Hallucination-free document Q&A: cited, deterministic answers

Why document Q&A hallucinates

Ask an LLM a question about a document and you're exposing it to two failure modes at once.

The first is memory bleed: the model supplements gaps in the retrieved text with knowledge from training. The answer sounds plausible because it often is, just for some other document, or for a general truth that doesn't hold for yours. A contract analyst asking "does this agreement cap liability at three times annual fees?" might receive a confident yes that reflects how liability clauses are typically written, not what this clause actually says.

The second is context degradation. Long documents fed as a single block cause retrieval quality to fall sharply past the first and last few thousand tokens. The middle of a 60-page PDF is effectively invisible to a naive pipeline. Third, chunking destroys structure. Traditional RAG splits documents into overlapping text windows, so a clause that straddles a chunk boundary arrives in fragments, and a table split across two chunks is read as prose.

The result is answers that are fluent and confident and untraceable. In a regulated context, an untraceable answer is not just wrong. It is useless.

The fix: ground every answer in a source file

The structural fix is to convert each meaningful unit of a document (a section, a clause, a table, a definition) into its own concept file before any question is asked. The concept file carries the original text, a stable identifier, and enough structure that a retrieval step can locate it precisely.

When a question arrives, the system retrieves the relevant concept files and passes them to the model. The model's task is then narrow: synthesize an answer from the files in context and cite the file it drew from.

That citation is what converts an answer into an auditable record. A reviewer can open the cited concept file, read the exact clause or row, and verify the answer in seconds. The answer is no longer a vibe. It is a verifiable claim with a pointer to the evidence.

This is what "AI with citations" actually means at the architectural level. It is not a post-hoc formatting choice; it is a constraint on how the model is allowed to answer.

Determinism: when the number has to be exact

Citations solve what the answer says. A separate mechanism solves how many.

Counting over long context is one of the most reliable ways to produce a wrong-but-plausible answer. A model asked to count 40 release entries in a changelog will answer "around 40", or miss three, or add two. The error is silent because the number arrives in the same confident tone as the right answer.

The reliable design is a clean division of labour: the model identifies structure, code executes the count. Concept files make this straightforward: a code layer counts them directly and returns the number. The model reports what the code returned; it does not estimate. The result is "40 releases", not "approximately 40". The sibling article, The model finds the structure, code does the counting, works through this pattern in detail.

An honest note on model size

The common assumption is that hallucination-free document Q&A requires a frontier model. For grounded extraction tasks (reading what the document says and reporting it), the evidence points elsewhere. When the right text is in context, small open models now perform nearly as well as frontier ones. The bottleneck is retrieval quality, not parameter count.

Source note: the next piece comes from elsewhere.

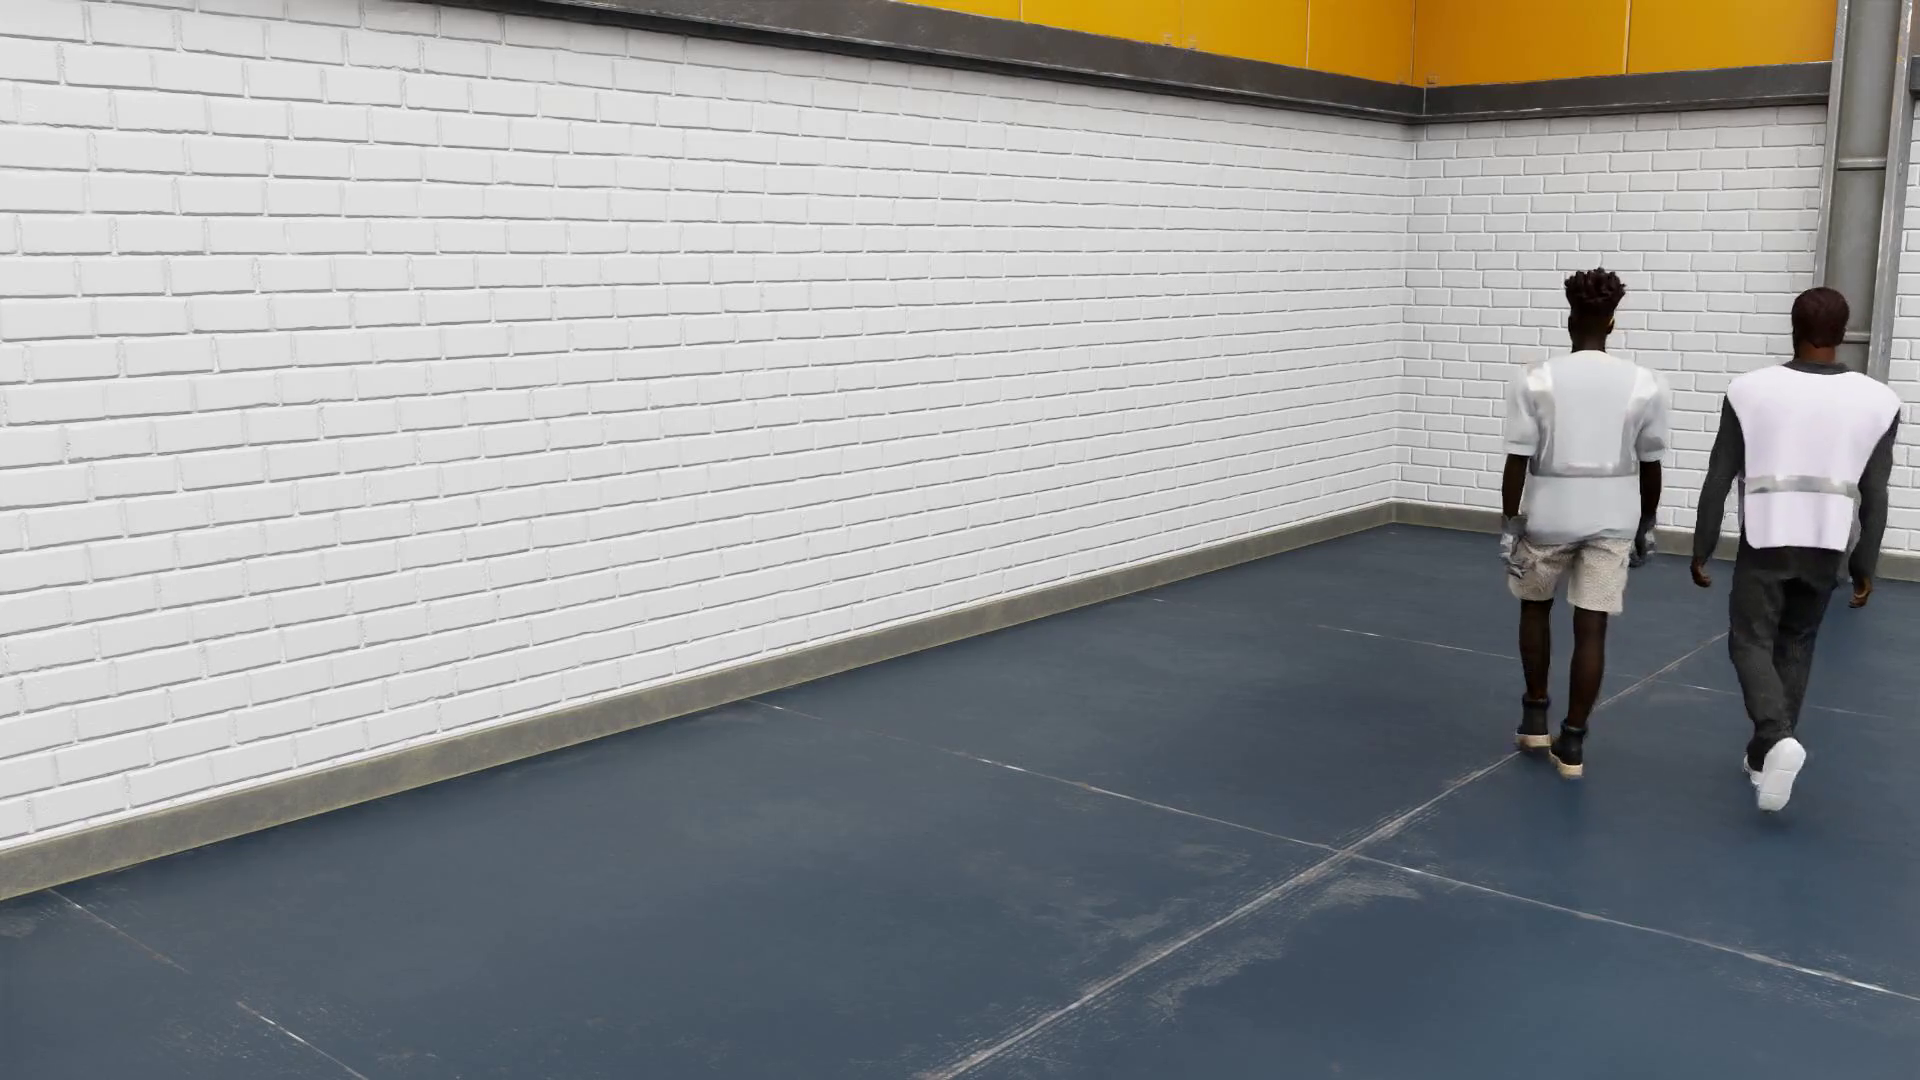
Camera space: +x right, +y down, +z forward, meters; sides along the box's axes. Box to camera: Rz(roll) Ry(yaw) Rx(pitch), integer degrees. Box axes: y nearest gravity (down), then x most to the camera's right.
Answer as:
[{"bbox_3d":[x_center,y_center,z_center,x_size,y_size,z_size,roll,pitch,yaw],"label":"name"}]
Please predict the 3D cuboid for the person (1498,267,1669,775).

One finding here is counterintuitive: reasoning modes can reduce faithfulness on extraction tasks. Extended-thinking or chain-of-thought prompting encourages the model to draw on background knowledge to improve the answer. For multi-hop analysis, that is often what you want. For source-faithful extraction, it is the exact failure mode you are trying to prevent. The practical rule: enable reasoning for analysis, disable it for extraction.

Frontier cloud models still lead on hard multi-hop reasoning across very long documents. That is what a BYOK configuration is for: routing the tasks that genuinely need frontier reasoning to a model of your choice, without locking your data into any infrastructure.

Why this matters for legal and finance

In regulated industries, an answer without a source is not an answer. It is a liability. A contract team asking whether a specific clause exists cannot act on a confident "yes" they cannot trace back to a paragraph. An auditor asking how many invoices exceed a threshold cannot use "around 130" as a figure in a report.

The cited, source-grounded architecture converts a generative tool into a reference tool. It does not change what the model knows. It changes what the model is permitted to say, restricting it to the evidence in front of it and requiring it to show its work.

How pdf2okf implements this

pdf2okf converts PDFs into OKF-compatible bundles built around concept files. Each file holds one unit of meaning: a clause, a section, a table row, a definition. Retrieval operates at file granularity, not chunk granularity, so citations point to reviewable, human-readable text on disk.

Every answer can be traced to its source; every count is produced by code, not estimation; the entire pipeline runs locally. Deterministic AI is not a property of a particular model. It is a property of the architecture you build around it.